There is evidence that risk of thrombosis in ALL is either linked with the disease itself or therapeutic management [8]. To test this in our study cohort, we first stratified the cases group into newly diagnosed (yet to initiate treatment) and those who were already on treatment. We found that although newly-diagnosed cALL group had higher D-dimers compared to the treatment group, those on treatment had lower PC, PS and ATIII activity compared to the controls. Furthermore, the activities of PS and ATIII were comparable between the newly diagnosed and the controls. This finding implicates chemotherapy as a factor for hemostatic abnormality in cALL.

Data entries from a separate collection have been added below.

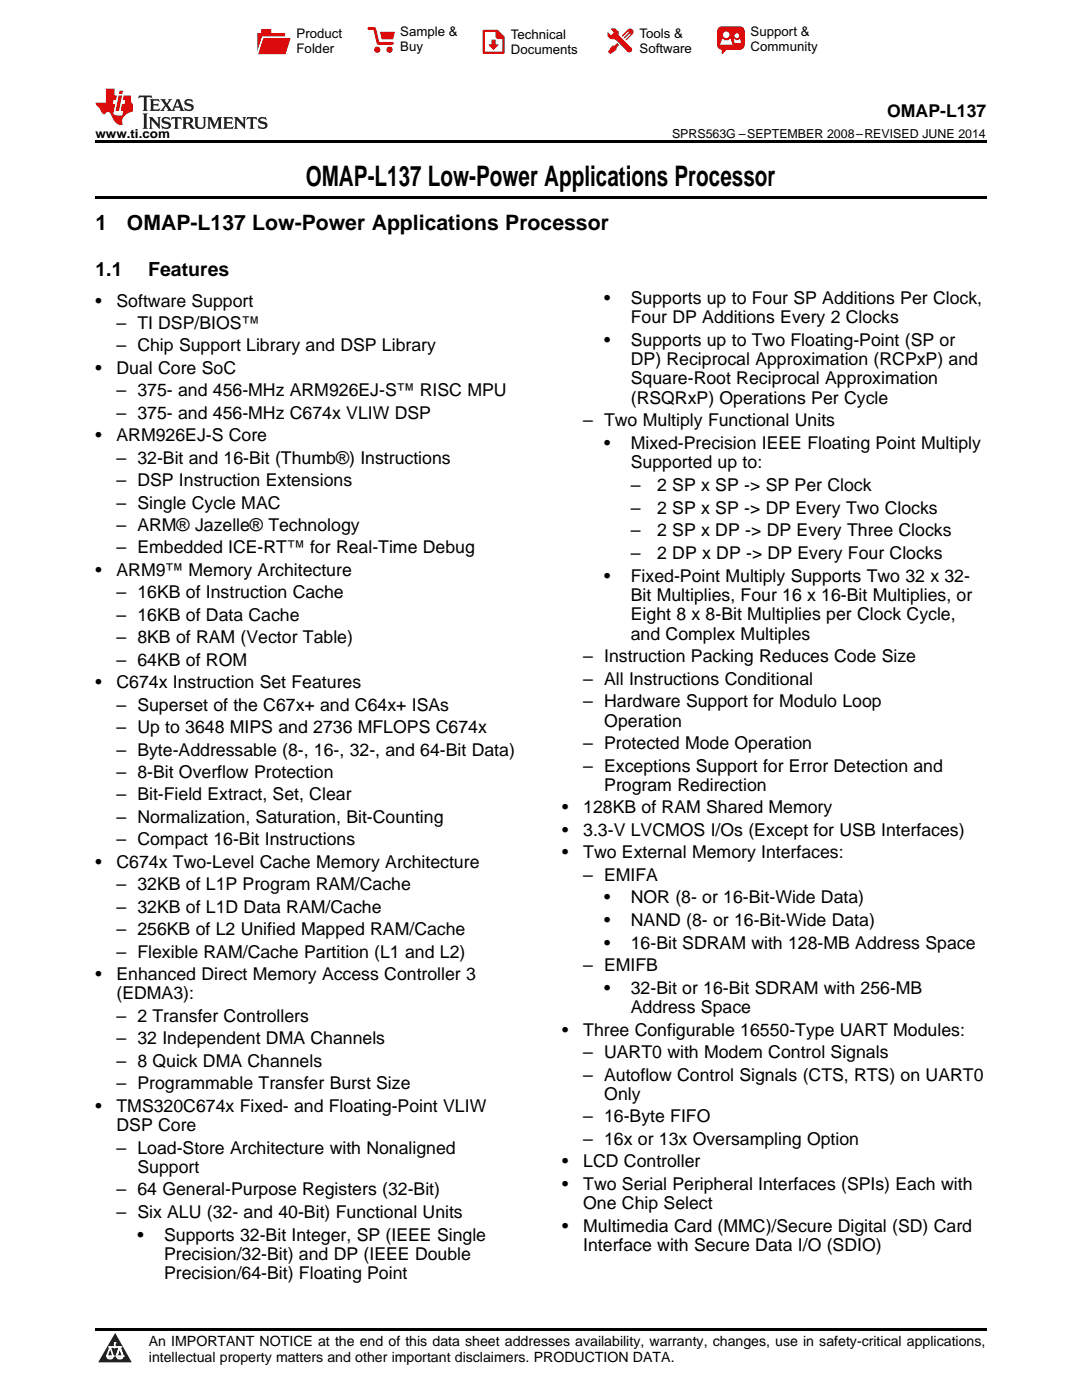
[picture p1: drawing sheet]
<svg xmlns="http://www.w3.org/2000/svg" width="216mm" height="279mm" viewBox="0 0 216 279" stroke-linecap="round" stroke-linejoin="round" font-family="sans-serif">
<defs><g id="words">
<text font-size="5.6" x="61" y="37">OMAP-L137 Low-Power Applications Processor</text>
<g font-size="4.2">
<text x="19" y="45.9">1</text>
<text x="25.3" y="45.9">OMAP-L137 Low-Power Applications Processor</text>
</g>
<g font-size="3.9">
<text x="19" y="55.1">1.1</text>
<text x="29.6" y="55.1">Features</text>
</g>
<g font-size="3.5">
<text x="177" y="23.3">OMAP-L137</text>
<text x="19" y="61.2">•</text>
<text x="23.2" y="61.2">Software Support</text>
<text x="23.2" y="65.7">– TI DSP/BIOS™</text>
<text x="120.6" y="60.6">•</text>
<text x="125.9" y="60.6">Supports up to Four SP Additions Per Clock,</text>
<text x="125.9" y="64.5">Four DP Additions Every 2 Clocks</text>
<text x="23.2" y="70.1">– Chip Support Library and DSP Library</text>
<text x="120.6" y="69">•</text>
<text x="125.9" y="69">Supports up to Two Floating-Point (SP or</text>
<text x="19" y="74.6">•</text>
<text x="23.2" y="74.6">Dual Core SoC</text>
<text x="125.9" y="72.8">DP) Reciprocal Approximation (RCPxP) and</text>
<text x="125.9" y="76.7">Square-Root Reciprocal Approximation</text>
<text x="23.2" y="79.1">– 375- and 456-MHz ARM926EJ-S™ RISC MPU</text>
<text x="23.2" y="83.6">– 375- and 456-MHz C674x VLIW DSP</text>
<text x="125.9" y="80.6">(RSQRxP) Operations Per Cycle</text>
<text x="19" y="88.1">•</text>
<text x="23.2" y="88.1">ARM926EJ-S Core</text>
<text x="116.4" y="85.1">– Two Multiply Functional Units</text>
<text x="120.6" y="89.6">•</text>
<text x="125.9" y="89.6">Mixed-Precision IEEE Floating Point Multiply</text>
<text x="23.2" y="92.5">– 32-Bit and 16-Bit (Thumb®) Instructions</text>
<text x="125.9" y="93.5">Supported up to:</text>
<text x="23.2" y="97">– DSP Instruction Extensions</text>
<text x="23.2" y="101.5">– Single Cycle MAC</text>
<text x="125.9" y="98">–</text>
<text x="131.1" y="98">2 SP x SP -&gt; SP Per Clock</text>
<text x="23.2" y="106">– ARM® Jazelle® Technology</text>
<text x="125.9" y="102.5">–</text>
<text x="125.9" y="107">–</text>
<text x="131.1" y="102.5">2 SP x SP -&gt; DP Every Two Clocks</text>
<text x="131.1" y="107">2 SP x DP -&gt; DP Every Three Clocks</text>
<text x="23.2" y="110.5">– Embedded ICE-RT™ for Real-Time Debug</text>
<text x="125.9" y="111.5">–</text>
<text x="131.1" y="111.5">2 DP x DP -&gt; DP Every Four Clocks</text>
<text x="19" y="114.9">•</text>
<text x="23.2" y="114.9">ARM9™ Memory Architecture</text>
<text x="23.2" y="119.4">– 16KB of Instruction Cache</text>
<text x="120.6" y="116.1">•</text>
<text x="125.9" y="116.1">Fixed-Point Multiply Supports Two 32 x 32-</text>
<text x="125.9" y="119.9">Bit Multiplies, Four 16 x 16-Bit Multiplies, or</text>
<text x="23.2" y="123.9">– 16KB of Data Cache</text>
<text x="125.9" y="123.8">Eight 8 x 8-Bit Multiplies per Clock Cycle,</text>
<text x="23.2" y="128.4">– 8KB of RAM (Vector Table)</text>
<text x="125.9" y="127.7">and Complex Multiples</text>
<text x="19" y="137.3">•</text>
<text x="23.2" y="132.9">– 64KB of ROM</text>
<text x="23.2" y="137.3">C674x Instruction Set Features</text>
<text x="116.4" y="132.2">– Instruction Packing Reduces Code Size</text>
<text x="116.4" y="136.7">– All Instructions Conditional</text>
<text x="23.2" y="141.8">– Superset of the C67x+ and C64x+ ISAs</text>
<text x="116.4" y="141.1">– Hardware Support for Modulo Loop</text>
<text x="23.2" y="146.3">– Up to 3648 MIPS and 2736 MFLOPS C674x</text>
<text x="116.4" y="149.5">– Protected Mode Operation</text>
<text x="120.6" y="145">Operation</text>
<text x="23.2" y="150.8">– Byte-Addressable (8-, 16-, 32-, and 64-Bit Data)</text>
<text x="23.2" y="155.3">– 8-Bit Overflow Protection</text>
<text x="116.4" y="154">– Exceptions Support for Error Detection and</text>
<text x="23.2" y="159.7">– Bit-Field Extract, Set, Clear</text>
<text x="120.6" y="157.9">Program Redirection</text>
<text x="23.2" y="164.2">– Normalization, Saturation, Bit-Counting</text>
<text x="112.2" y="162.3">•</text>
<text x="112.2" y="166.8">•</text>
<text x="116.4" y="162.3">128KB of RAM Shared Memory</text>
<text x="116.4" y="166.8">3.3-V LVCMOS I/Os (Except for USB Interfaces)</text>
<text x="19" y="173.2">•</text>
<text x="23.2" y="168.7">– Compact 16-Bit Instructions</text>
<text x="23.2" y="173.2">C674x Two-Level Cache Memory Architecture</text>
<text x="112.2" y="171.3">•</text>
<text x="116.4" y="171.3">Two External Memory Interfaces:</text>
<text x="23.2" y="177.7">– 32KB of L1P Program RAM/Cache</text>
<text x="116.4" y="175.8">– EMIFA</text>
<text x="23.2" y="182.1">– 32KB of L1D Data RAM/Cache</text>
<text x="120.6" y="180.3">•</text>
<text x="120.6" y="184.8">•</text>
<text x="125.9" y="180.3">NOR (8- or 16-Bit-Wide Data)</text>
<text x="125.9" y="184.8">NAND (8- or 16-Bit-Wide Data)</text>
<text x="23.2" y="186.6">– 256KB of L2 Unified Mapped RAM/Cache</text>
<text x="23.2" y="191.1">– Flexible RAM/Cache Partition (L1 and L2)</text>
<text x="120.6" y="189.3">•</text>
<text x="125.9" y="189.3">16-Bit SDRAM with 128-MB Address Space</text>
<text x="19" y="195.6">•</text>
<text x="23.2" y="195.6">Enhanced Direct Memory Access Controller 3</text>
<text x="116.4" y="193.8">– EMIFB</text>
<text x="23.2" y="199.5">(EDMA3):</text>
<text x="23.2" y="203.9">– 2 Transfer Controllers</text>
<text x="120.6" y="198.3">•</text>
<text x="125.9" y="198.3">32-Bit or 16-Bit SDRAM with 256-MB</text>
<text x="125.9" y="202.2">Address Space</text>
<text x="23.2" y="208.4">– 32 Independent DMA Channels</text>
<text x="112.2" y="206.7">•</text>
<text x="116.4" y="206.7">Three Configurable 16550-Type UART Modules:</text>
<text x="23.2" y="212.9">– 8 Quick DMA Channels</text>
<text x="116.4" y="211.2">– UART0 with Modem Control Signals</text>
<text x="116.4" y="215.7">– Autoflow Control Signals (CTS, RTS) on UART0</text>
<text x="19" y="221.9">•</text>
<text x="23.2" y="217.4">– Programmable Transfer Burst Size</text>
<text x="23.2" y="221.9">TMS320C674x Fixed- and Floating-Point VLIW</text>
<text x="120.6" y="219.5">Only</text>
<text x="23.2" y="225.7">DSP Core</text>
<text x="116.4" y="224">– 16-Byte FIFO</text>
<text x="23.2" y="230.2">– Load-Store Architecture with Nonaligned</text>
<text x="112.2" y="233">•</text>
<text x="116.4" y="228.5">– 16x or 13x Oversampling Option</text>
<text x="116.4" y="233">LCD Controller</text>
<text x="23.2" y="238.6">– 64 General-Purpose Registers (32-Bit)</text>
<text x="27.4" y="234.1">Support</text>
<text x="112.2" y="237.5">•</text>
<text x="116.4" y="237.5">Two Serial Peripheral Interfaces (SPIs) Each with</text>
<text x="23.2" y="243.1">– Six ALU (32- and 40-Bit) Functional Units</text>
<text x="112.2" y="245.8">•</text>
<text x="116.4" y="241.3">One Chip Select</text>
<text x="116.4" y="245.8">Multimedia Card (MMC)/Secure Digital (SD) Card</text>
<text x="27.4" y="247.6">•</text>
<text x="32.7" y="247.6">Supports 32-Bit Integer, SP (IEEE Single</text>
<text x="32.7" y="251.5">Precision/32-Bit) and DP (IEEE Double</text>
<text x="116.4" y="249.7">Interface with Secure Data I/O (SDIO)</text>
<text x="32.7" y="255.3">Precision/64-Bit) Floating Point</text>
</g>
<g font-size="2.8">
<text x="29.7" y="268.6">An IMPORTANT NOTICE at the end of this data sheet addresses availability, warranty, changes, use in safety-critical applications,</text>
<text x="29.7" y="271.8">intellectual property matters and other important disclaimers. PRODUCTION DATA.</text>
</g>
<g font-size="2.6">
<text x="59.2" y="7.6">Product</text>
<text x="59.2" y="10.6">Folder</text>
<text x="79.9" y="7.3">Sample &amp;</text>
<text x="79.9" y="10.2">Buy</text>
<text x="101.9" y="7.8">Technical</text>
<text x="101.9" y="10.8">Documents</text>
<text x="127.6" y="7.6">Tools &amp;</text>
<text x="127.6" y="10.6">Software</text>
<text x="149.8" y="7.2">Support &amp;</text>
<text x="149.8" y="10.2">Community</text>
</g>
<g font-size="2.5">
<text x="19" y="27.4">www.ti.com</text>
<text x="134.1" y="27.4">SPRS563G –SEPTEMBER 2008–REVISED JUNE 2014</text>
</g>
</g></defs>
<path d="M23 266l3.3 5.9h-6.7z" fill="#231f20"/>
<path d="M21.3 270.6h1.3l-.4 .5h-.3a.54 .54 0 0 1-.6-.5z" fill-rule="evenodd" fill="#fff"/>
<path d="M21.3 270.6h1.3l-.4 .5h-.3a.54 .54 0 0 1-.6-.5z" fill="none" stroke="#231f20" stroke-width=".33"/>
<path d="M21.3 270.6l1.3 .1-.4 .4h-.5z" fill="none" stroke="#fff" stroke-width=".33"/>
<path d="M22.9 268.9h.1" fill="none" stroke="#fff" stroke-width=".33"/>
<path d="M22.9 268v.9z" fill="#fff"/>
<path d="M22.9 268v.9z" fill="none" stroke="#fff" stroke-width=".33"/>
<circle cx="22.9" cy="268" r=".17" fill="#fff"/>
<path d="M21.8 268.8h.1" fill="none" stroke="#fff" stroke-width=".33"/>
<path d="M21.8 268.8h2.3z" fill="#fff"/>
<path d="M21.8 268.8h2.3z" fill="none" stroke="#fff" stroke-width=".33"/>
<circle cx="24.1" cy="268.8" r=".17" fill="#fff"/>
<path d="M23.2 270.6h.1" fill="none" stroke="#fff" stroke-width=".33"/>
<path d="M23.9 268.8l-.7 1.8z" fill="#fff"/>
<path d="M23.9 268.8l-.7 1.8z" fill="none" stroke="#fff" stroke-width=".33"/>
<path d="M23.9 268.8l.7 1.8z" fill="#fff"/>
<path d="M23.9 268.8l.7 1.8z" fill="none" stroke="#fff" stroke-width=".33"/>
<path d="M24.5 270.6h.1" fill="none" stroke="#fff" stroke-width=".33"/>
<circle cx="21.3" cy="270.6" r=".17" fill="#fff"/>
<path d="M22 268.8l-.7 1.8z" fill="#fff"/>
<path d="M22 268.8l-.7 1.8z" fill="none" stroke="#fff" stroke-width=".33"/>
<path d="M22 268.8l.6 1.8z" fill="#fff"/>
<path d="M22 268.8l.6 1.8z" fill="none" stroke="#fff" stroke-width=".33"/>
<circle cx="22.6" cy="270.6" r=".17" fill="#fff"/>
<path d="M23.3 270.6h1.3a.64 .64 0 0 1-.7 .5 .64 .64 0 0 1-.6-.5z" fill-rule="evenodd" fill="#fff"/>
<path d="M23.3 270.6h1.3a.64 .64 0 0 1-.7 .5 .64 .64 0 0 1-.6-.5z" fill="none" stroke="#231f20" stroke-width=".33"/>
<path d="M23.3 270.6h1.3l-.5 .5h-.5z" fill="none" stroke="#fff" stroke-width=".33"/>
<path d="M23.2 270.6h.1" fill="none" stroke="#fff" stroke-width=".33"/>
<circle cx="24.6" cy="270.6" r=".17" fill="#fff"/>
<path d="M19 39.1h177.8v.5h-177.8zM19 28h177.8v.5h-177.8zM19 265.1h177.8v.5h-177.8z" fill="#000"/>
<path d="M27.7 19.1l-.1 .6 .6-.3h.5v.2v2.2l-.2 .3h1l-.2-.3v-2.2v-.2h.5l.6 .3-.2-.6zM29.9 19.8l.2 .4v1.6l-.2 .3h1.9l.1-.6a1.09 1.09 0 0 1-1.3 .2v-.7h.6l.4 .2v-.6l-.2 .2h-.8v-.6l.2-.1a1.01 1.01 0 0 1 1 .3l-.1-.6zM32 19.8l.9 1.2-1 1.1h.9l-.2-.2 .5-.7 .5 .7-.3 .2h1.7l-.2-.2 .1-.4h1l.1 .4-.2 .2h1l-.3-.3-.7-2h-.5l-1 2.2-.8-1.1 .9-1.1h-.9l.2 .2-.4 .7-.4-.7 .2-.2zM35.4 20.2l.4 1h-.8zM37 19.9a.66 .66 0 0 0-.2 .8 .66 .66 0 0 0 .6 .4l.7 .2 .1 .2a.8 .8 0 0 1-.7 .4 .8 .8 0 0 1-.7-.5l.1 .7 .2-.1a.94 .94 0 0 0 1.1 .1 .94 .94 0 0 0 .4-.9 1.48 1.48 0 0 0-1.3-.6v-.4a1.1 1.1 0 0 1 1.2 .2l-.2-.6-.2 .1-.5-.1zM28.5 22.6l.2 .4v2.3l-.2 .4h1l-.2-.4v-2.3l.2-.4zM29.7 23.4l.2 .3v1.6l-.2 .4h.8l-.3-.4 .1-1.3 1.6 1.7v-2l.2-.3h-.7l.2 .2v1.1l-1.2-1.3zM32.5 23.5a.66 .66 0 0 0-.2 .7 .66 .66 0 0 0 .6 .5l.6 .1 .2 .3a.8 .8 0 0 1-.8 .4 .8 .8 0 0 1-.7-.5l.2 .7 .2-.1a.94 .94 0 0 0 1 .1 .94 .94 0 0 0 .5-1 1.47 1.47 0 0 0-1.3-.6l-.1-.3a1.1 1.1 0 0 1 1.3 .2l-.2-.6-.2 .1-.5-.2zM34.3 23.4l-.2 .6a.64 .64 0 0 1 .8-.3v1.6l-.2 .4h1l-.3-.4 .1-1.6a.66 .66 0 0 1 .8 .3l-.2-.6zM36.3 23.4l.3 .3v1.6l-.3 .4h1l-.2-.2v-.8l.5 .1 .1 .1a.8 .8 0 0 0 1.2 .7l-1-1a.62 .62 0 0 0 .6-.6 .62 .62 0 0 0-.6-.6zM37.1 23.7h.1a.48 .48 0 0 1 .6 0 .48 .48 0 0 1 .1 .6l-.2 .1-.6 .1zM38.7 23.4l.2 .2a2.29 2.29 0 0 0 .4 2 1.05 1.05 0 0 0 1.7-.7v-1.3l.2-.2h-.8l.2 .3v1.2a.61 .61 0 0 1-.6 .6 .61 .61 0 0 1-.6-.6v-1.2l.3-.3zM41.3 23.4l.3 .3v1.6l-.3 .4h.8l-.2-.4v-1.4l.8 1.8 .9-1.8v1.4l-.2 .4h.9l-.2-.4v-1.6l.2-.3h-.8l-.7 1.5-.6-1.5zM44.5 23.4l.2 .3v1.6l-.2 .4h1.9l.2-.6a1.1 1.1 0 0 1-1.4 .2v-.7h.6l.4 .2v-.7l-.2 .2h-.8v-.5l.2-.2a1.02 1.02 0 0 1 1.1 .3l-.2-.5zM46.7 23.4l.2 .3v1.6l-.2 .4h.8l-.3-.4 .1-1.3 1.6 1.7v-2l.2-.3h-.7l.2 .2v1.1l-1.2-1.3zM49.3 23.4l-.1 .6a.64 .64 0 0 1 .8-.3v1.6l-.3 .4h1l-.2-.4v-1.6a.66 .66 0 0 1 .8 .3l-.1-.6zM51.7 23.5a.66 .66 0 0 0-.2 .7 .66 .66 0 0 0 .7 .5l.6 .1 .1 .3a.8 .8 0 0 1-.7 .4 .8 .8 0 0 1-.7-.5l.1 .7 .2-.1a.94 .94 0 0 0 1.1 .1 .94 .94 0 0 0 .4-1 1.48 1.48 0 0 0-1.2-.6l-.1-.3a1.1 1.1 0 0 1 1.2 .2l-.2-.6-.1 .1-.6-.2z" fill="#231f20"/>
<path d="M21.1 17.7v2.8h-2v.3l.9 1a.96 .96 0 0 0 1 .9 .59 .59 0 0 1 .5-.3 .59 .59 0 0 1 .5 .3l.4 .8a1.61 1.61 0 0 0 2.1 1.3 1.63 1.63 0 0 1 1.1-2.2l.9-.4v-1.5a1.6 1.6 0 0 1-.4-1.6h-1.4l-.2 .9h.5l-.2 .8h-.5l-.2 1v.3h.5l-.2 .9h-.7a.74 .74 0 0 1-1-.6l.3-1.6h-.5l.2-.8h.5l.1-.9h-.4v-1.4zM23.7 19.1l-.7 3h.8l.6-3zM23.8 18.1l-.1 .7h.7l.2-.7z" fill="#ee1d23"/>
<g fill="#d60000">
<path d="M52.1 5.8h2v.8h2.8v4.2h-5.5v-4.2h.7z" fill-rule="evenodd"/>
<path d="M52.4 7.5h5.6l-1 3.3h-5.6z" fill-rule="evenodd"/>
</g>
<path d="M52.4 7.4h5.7l-.1 .1h-5.5l-1.1 3.3z" fill-rule="evenodd" fill="#fff"/>
<path d="M52.4 7.4h5.7l-.1 .1h-5.5l-1.1 3.3z" fill="none" stroke="#fff" stroke-width=".2"/>
<path d="M73.6 5.7h1.1l.7 2.9h2.9" fill="none" stroke="#d60000" stroke-width=".55"/>
<g fill="#d60000">
<path d="M75.8 6.3h3l-.4 1.6h-2.2z" fill-rule="evenodd"/>
<circle cx="75.3" cy="9.9" r=".62"/>
<circle cx="77.7" cy="9.9" r=".62"/>
</g>
<path d="M96.5 6.2h2.7l1.3 1.2v3.1h-4z" fill="none" stroke="#d60000" stroke-width=".44"/>
<g fill="#d60000">
<path d="M98.1 7.9h.8v1h.5l-.9 1.1-1-1v-.1h.6z" fill-rule="evenodd"/>
<path d="M98.9 6.2h.3l1.3 1.2v.4h-1.3l-.3-.4z" fill-rule="evenodd"/>
<path d="M121.9 5.7h.8l.7 .6 .1 .7 2.5 2.5-.8 .8-2.3-2.3-1.1-.2-.6-.6v-.8l.7 .6 .5-.4v-.2l-.5-.5z" fill-rule="evenodd"/>
<path d="M122.2 9.1h.4l.5-.5 .4 .4-.5 .5v.4l-1.2 .9-.5-.5z" fill-rule="evenodd"/>
<path d="M125.3 5.9a.67 .67 0 0 1 .9 0 .67 .67 0 0 1 0 .9z" fill-rule="evenodd"/>
<path d="M125.3 5.9l.9 .9-1.2 1.2h-.2v-.2l1-.9v-.2h-.2l-.9 1h-.2v-.2l.9-1 .1-.2h-.3l-.9 1h-.2v-.2z" fill-rule="evenodd"/>
<circle cx="125.6" cy="9.9" r=".54"/>
</g>
<path d="M123.3 6.3v.7" fill="none" stroke="#d60000" stroke-width=".2"/>
<g fill="#d60000">
<path d="M143.4 5.5l.6-.2h3.6a.95 .95 0 0 1 1 .9v2.8a.95 .95 0 0 1-1 .9h-3.6a.95 .95 0 0 1-.9-.9v-2.8z" fill-rule="evenodd"/>
<path d="M144 9.9h.9l-.7 .9h-.2z" fill-rule="evenodd"/>
</g>
<g fill="#fff">
<path d="M146.6 8.6h1.3z"/>
<path d="M144.1 7.8h.3l.1 .2h.8l.2-.2h.3l.4 1.1h-2.5z" fill-rule="evenodd"/>
<path d="M146.4 7.8h.3l.1 .2h.5l.2-.2h.2l.2 .8h-1.3z" fill-rule="evenodd"/>
<circle cx="144.9" cy="6.9" r=".65"/>
<circle cx="147" cy="7.1" r=".48"/>
</g>
<use href="#words"/>
</svg>

Our treatment group were heterogenous, comprising 26.9, 15.4 and 42.3% children in the induction, consolidation and maintenance phases, respectively. Thus, to investigate which stage of chemotherapy is associated with the hypercoagulabity observed among the treatment group, we restratified the treatment group into their corresponding subgroups. When compared to healthy controls, the activity of PC was lower at all stages of chemotherapy; however, the induction phase had with the most deranged hemostatic parameters, presenting with higher APTT but lower activity of ATIII, PS and PC. The reduced activity of the natural anticoagulants during the induction phase was expected as it could be due to greater side effects of L-asparaginase which is administered in high dose during induction. Although the primary role of L-asparaginase is the hydrolysis and subsequent reduction in asparagine levels, and leveraging on the low asparagine synthetase activity in lymphoblasts to impair protein secretion, cellular function and increasing cell death following induction of chemotherapy, L-asparaginase also affects proteins essential for hemostatic regulation [7, 10]. This side effect of L-asparaginase could account for the reduced activity of the natural anticoagulants. Furthermore, given the high D-dimer levels, the reduced activities of PS, PC and ATIII could also be attributed to the consumption of the anticoagulants due to subclinical coagulation activation and also partly due the hepatotoxicity associated with high doses chemotherapy resulting in decrease protein synthesis by the liver [12]. It is however worth noting that, contrary to previous reports that the risk of thrombosis in ALL occur in the induction phase of treatment, although the activity of the natural anticoagulants (ATIII, PC, PS) was lowest in the induction phase, it was low to a comparable extent in the consolidation phase as well. Thus, the risk of thrombosis in the consolidation phase should not be underestimated. It is however also possible that the low activity of the anticoagulants during the consolidation phase is due to residual effect of L-asparaginase administered during the induction, and that our findings were affected by the low number of patients in consolidation phase in our sample.

Conclusions

In conclusion, childhood ALL is associated with an increased in PT, APTT plasma D-dimer levels but lower PLT count, activities of PC, PS and ATIII. The derangement was higher during the induction phase of chemotherapy. Our findings provide evidence in the context of Africa and corroborates previous reports that cALL could result in a state of hypercoagulability, possibly leading to a high risk of thrombosis and thromboembolic complications. This possibly increased risk is not limited to the induction phase but also the consolidation.